To me, Thursday’s event signaled one thing for me, and maybe I’m completely wrong, but the Mac is officially over.
Apple, the MacBook Pro is not a pro-level computer. It’s simply not.

Ted Landau:

Apple’s desktop Mac lineup is headed for the graveyard. Dead. Done. Over.

It has taken me some time to collect my thoughts on the state of the Mac platform. My feelings have been developing over several years and I think after the October 2016 event, it's time to put them in writing. It's fair to say that I've gone through the five stages of grief: denial, anger, bargaining, depression, acceptance.

hello again

At the October 2016 event, Apple announced updated models of the MacBook Pro line while desktop Macs did not even get a single mention. At the time of writing, desktops have not been updated in at least a year.

  • iMac: Last updated 382 days ago
  • Mac Mini: Last updated 744 days ago
  • Mac Pro: Last updated 1045 days ago

Pro for Professional?

From where I'm standing, Apple are redefining (shrinking) their target audience for the Mac platform. If you feel left out by the latest updates and the neglect on the desktop, it's simple as Apple deciding not to serve your segment's needs. I know that it can feel quite personal to Mac devotees, like me, but it's simply business and strategy.

If we look purely at the revenue split, the Mac accounts for about 10% of Apple's revenues. It's entirely plausible that a decision was made not to invest in a declining ecosystem which does not represent the future in Apple's mind. I'm not judging whether it's logical or it makes sense to do that, I'm just making it clear that such a scenario, which would reflect the reality we're seeing, seems possible.

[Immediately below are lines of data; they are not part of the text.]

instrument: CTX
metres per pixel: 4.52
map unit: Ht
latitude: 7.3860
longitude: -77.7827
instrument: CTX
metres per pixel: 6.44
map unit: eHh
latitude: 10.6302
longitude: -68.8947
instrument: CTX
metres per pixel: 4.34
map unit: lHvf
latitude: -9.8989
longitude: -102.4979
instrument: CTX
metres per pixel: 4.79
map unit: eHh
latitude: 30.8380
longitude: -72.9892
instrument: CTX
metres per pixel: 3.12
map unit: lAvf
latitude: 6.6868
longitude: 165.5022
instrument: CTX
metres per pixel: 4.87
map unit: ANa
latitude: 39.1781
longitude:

Tim Cook's thoughts on computers are clearly expressed in this interview:

I think if you’re looking at a PC, why would you buy a PC anymore? No really, why would you buy one? Yes, the iPad Pro is a replacement for a notebook or a desktop for many, many people. They will start using it and conclude they no longer need to use anything else, other than their phones.

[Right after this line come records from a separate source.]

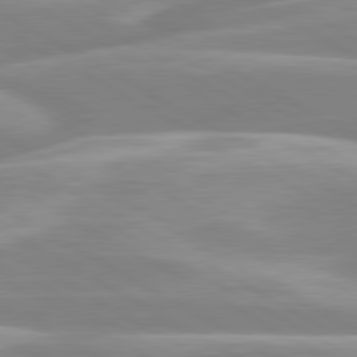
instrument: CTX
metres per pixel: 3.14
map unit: lApd
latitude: 80.4034
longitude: -128.7246
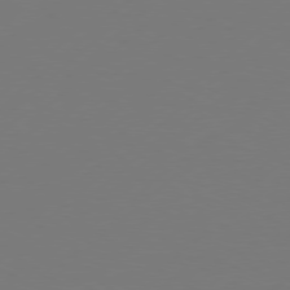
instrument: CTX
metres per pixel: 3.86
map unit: Hpe
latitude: 77.0647
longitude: -131.6316
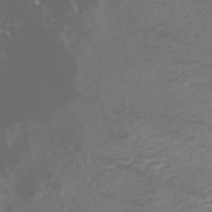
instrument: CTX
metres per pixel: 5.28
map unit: Nhe
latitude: -47.7855
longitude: -172.5734
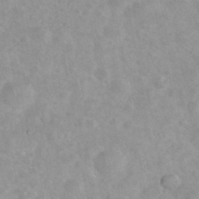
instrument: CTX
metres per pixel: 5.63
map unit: eHh
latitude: 35.6127
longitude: -62.9136
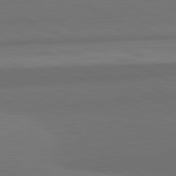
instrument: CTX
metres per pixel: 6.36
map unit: lApd
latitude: 82.2333
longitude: 156.9164
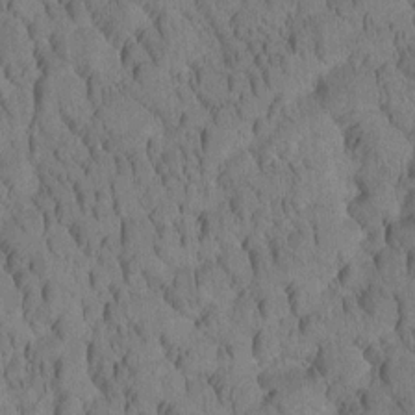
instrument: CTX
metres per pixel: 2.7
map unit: Htu
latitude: -3.5021
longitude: 172.6518

Yes, absolutely: the iPad Pro can and has replaced many people's computers, including Macs. But in the near term, it simply cannot replace it for a small minority with genuine high-end needs.

Outdated Hardware

Let me address the following point: Who needs anything more than a MacBook Pro? The answer is a very small segment of high-demanding users. Those are the people who have been waiting for a very long time to only be disappointed by the October 2016 event. Activities include heavy 2D / 3D post-processing, video editors, highly-demanding software development. While the base performance of laptops continuously improves to cover more use cases, some highly specialised workloads still require significantly more power.

I'm currently using a 6-core Mac Pro (2013) with 64GB of RAM. I'm developing code on a huge codebase and running a lot of demanding apps. I run out of memory on a regular basis and have the CPUs at very high utilisation throughout my work day. This workload is simply not possible on a laptop due to the thermal envelope (CPU-only TDPs of 130W vs 45W).

The Mac Pro is just embarrassingly outdated, still selling for the same price it did when it launched 3 years ago. The Xeon CPUs are 2 generations behind, the dual workstation-class GPUs are now significantly slower than a single high-end consumer Nvidia card. Brian Stucki notices:

Reminder: The current Mac Pro page brags about the performance with Aperture, a program that Apple retired 2+ years ago

Anecdotally, the people who need GPU perf now all use PCs: not because of the cost of Apple hardware but simply because the Mac Pro's GPU performance is not at all competitive. If we look at the fastest GPU configuration with a pair of workstation-class D700, this provides a total of 7 TFLOPS (3.5 TFLOPS per card). Over at the Nvidia camp, a single Quadro P6000 GPU has 12 TFLOPS, even the consumer Titan X Pascal can do 11 TFLOPS. So, a consumer Titan X Pascal is 57% faster than a dual D700. If you compare against dual Titan X Pascals, you would have a performance increase of 214%. For highly demanding GPU workflows, this sort of performance does matter.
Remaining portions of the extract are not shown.